- Gadigachha Location in West Bengal, India Gadigachha Gadigachha (India)
- Coordinates: 23°24′28″N 88°24′15″E﻿ / ﻿23.407893°N 88.404087°E
- Country: India
- State: West Bengal
- District: Nadia

Area
- • Total: 2.7029 km^{2} (1.0436 sq mi)

Population (2011)
- • Total: 14,085
- • Density: 5,211.1/km^{2} (13,497/sq mi)

Languages
- • Official: Bengali, English
- Time zone: UTC+5:30 (IST)
- PIN: 741315
- Telephone/STD code: 03472
- Lok Sabha constituency: Ranaghat
- Vidhan Sabha constituency: Nabadwip
- Website: nadia.gov.in

= Gadigachha =

Gadigachha (also referred to as Gadigachhi) is a census town in the Nabadwip CD block in the Krishnanagar Sadar subdivision of the Nadia district in the state of West Bengal, India.

==Geography==

===Location===
Gadigachha is located at .

===Area overview===
Nadia district is mostly alluvial plains lying to the east of Hooghly River, locally known as Bhagirathi. The alluvial plains are cut across by such distributaries as Jalangi, Churni and Ichhamati. With these rivers getting silted up, floods are a recurring feature. The Krishnanagar Sadar subdivision, presented in the map alongside, has the Bhagirathi on the west, with Purba Bardhaman district lying across the river. The long stretch along the Bhagirathi has many swamps. The area between the Bhagirathi and the Jalangi, which flows through the middle of the subdivision, is known as Kalantar, a low-lying tract of black clay soil. A big part of the subdivision forms the Krishnanagar-Santipur Plain, which occupies the central part of the district. The Jalangi, after flowing through the middle of the subdivision, turns right and joins the Bhagirathi. On the south-east, the Churni separates the Krishnanagar-Santipur Plain from the Ranaghat-Chakdaha Plain. The east forms the boundary with Bangladesh. The subdivision is moderately urbanized. 20.795% of the population lives in urban areas and 79.205% lives in rural areas.

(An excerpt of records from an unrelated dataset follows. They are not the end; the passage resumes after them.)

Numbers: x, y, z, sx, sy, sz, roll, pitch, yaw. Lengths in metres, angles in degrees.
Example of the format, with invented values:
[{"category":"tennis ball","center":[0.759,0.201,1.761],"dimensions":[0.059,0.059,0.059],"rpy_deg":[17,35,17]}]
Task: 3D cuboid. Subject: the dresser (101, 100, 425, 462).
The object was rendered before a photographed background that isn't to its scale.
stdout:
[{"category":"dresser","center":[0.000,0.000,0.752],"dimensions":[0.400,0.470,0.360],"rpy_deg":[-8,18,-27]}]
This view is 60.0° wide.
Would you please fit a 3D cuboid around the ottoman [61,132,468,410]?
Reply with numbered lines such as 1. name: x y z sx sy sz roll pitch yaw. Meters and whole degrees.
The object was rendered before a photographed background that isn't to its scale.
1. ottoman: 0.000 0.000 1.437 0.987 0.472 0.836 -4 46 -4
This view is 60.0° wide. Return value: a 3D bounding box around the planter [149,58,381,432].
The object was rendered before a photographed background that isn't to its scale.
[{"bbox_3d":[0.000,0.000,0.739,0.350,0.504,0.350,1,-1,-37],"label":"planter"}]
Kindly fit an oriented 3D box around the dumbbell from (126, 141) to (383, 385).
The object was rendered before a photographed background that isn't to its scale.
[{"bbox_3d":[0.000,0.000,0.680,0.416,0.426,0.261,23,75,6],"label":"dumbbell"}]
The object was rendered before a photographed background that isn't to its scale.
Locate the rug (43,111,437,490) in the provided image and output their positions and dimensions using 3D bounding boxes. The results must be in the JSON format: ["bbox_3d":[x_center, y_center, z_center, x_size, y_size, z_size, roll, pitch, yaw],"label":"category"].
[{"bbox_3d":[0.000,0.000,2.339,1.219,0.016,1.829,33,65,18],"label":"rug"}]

Note: The map alongside presents some of the notable locations in the subdivision. All places marked in the map are linked in the larger full screen map. All the four subdivisions are presented with maps on the same scale – the size of the maps vary as per the area of the subdivision.

==Demographics==
According to the 2011 Census of India, Gadigachhi had a total population of 14,085, of which 7,237 (51%) were males and 6.848 (49%) were females. Population in the age range 0–6 years was 1,328. The total number of literate persons in Gadigachhi was 9,486 (74.36% of the population over 6 years).

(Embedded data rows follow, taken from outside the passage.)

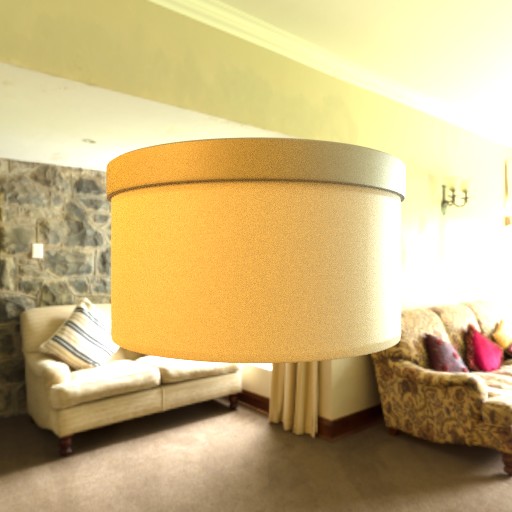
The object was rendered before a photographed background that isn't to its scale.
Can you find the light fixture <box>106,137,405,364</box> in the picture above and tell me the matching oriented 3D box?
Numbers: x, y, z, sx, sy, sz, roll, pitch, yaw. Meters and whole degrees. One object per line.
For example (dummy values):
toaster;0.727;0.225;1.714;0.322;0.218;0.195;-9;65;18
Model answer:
light fixture;0.000;0.000;0.615;0.393;0.229;0.393;0;0;0
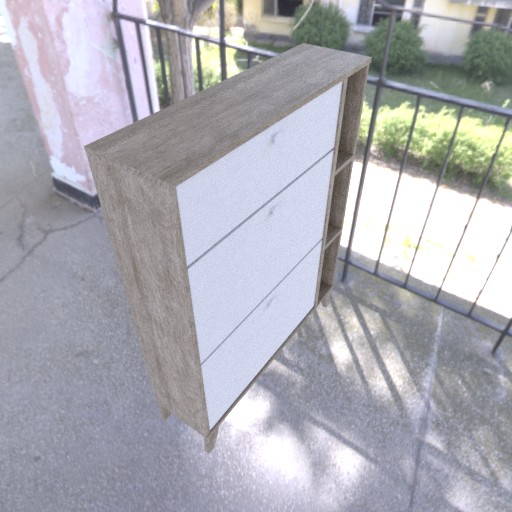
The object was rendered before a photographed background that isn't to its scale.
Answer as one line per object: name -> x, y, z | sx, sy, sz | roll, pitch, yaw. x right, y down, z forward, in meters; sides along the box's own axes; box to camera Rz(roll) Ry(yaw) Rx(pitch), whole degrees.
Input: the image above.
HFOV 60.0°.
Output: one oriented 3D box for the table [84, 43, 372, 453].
table -> 0.000, 0.000, 1.538 | 0.256, 1.135, 0.902 | 25, 47, 26

The following municipality and census towns were part of Nabadwip Urban Agglomeration in 2011 census: Nabadwip (M), Char Maijdia (CT), Char Brahmanagar (CT), Bablari Dewanganj (CT), Tiorkhali (CT), Gadigachha (CT) and Majdia.

==Infrastructure==
According to the District Census Handbook 2011, Nadia, Gadigachha covered an area of 2.7029 km^{2}. Among the civic amenities, the protected water supply involved tap water from untreated sources, hand pump. It had 3,076 domestic electric connections, 100 road light points. Among the medical facilities it had 1 maternity and child welfare centre, 5 medicine shops. Among the educational facilities it had were 7 primary school, 2 secondary schools. It had 5 non-formal education centres (Sarva Shiksha Abhiyan). Among the social, recreational and cultural facilities, it had 1 orphanage, 3 cinema thetres, 1 public library. Three important commodities it produced were handloom sari, towel, lungi. It had the branch office of 1 nationalised bank.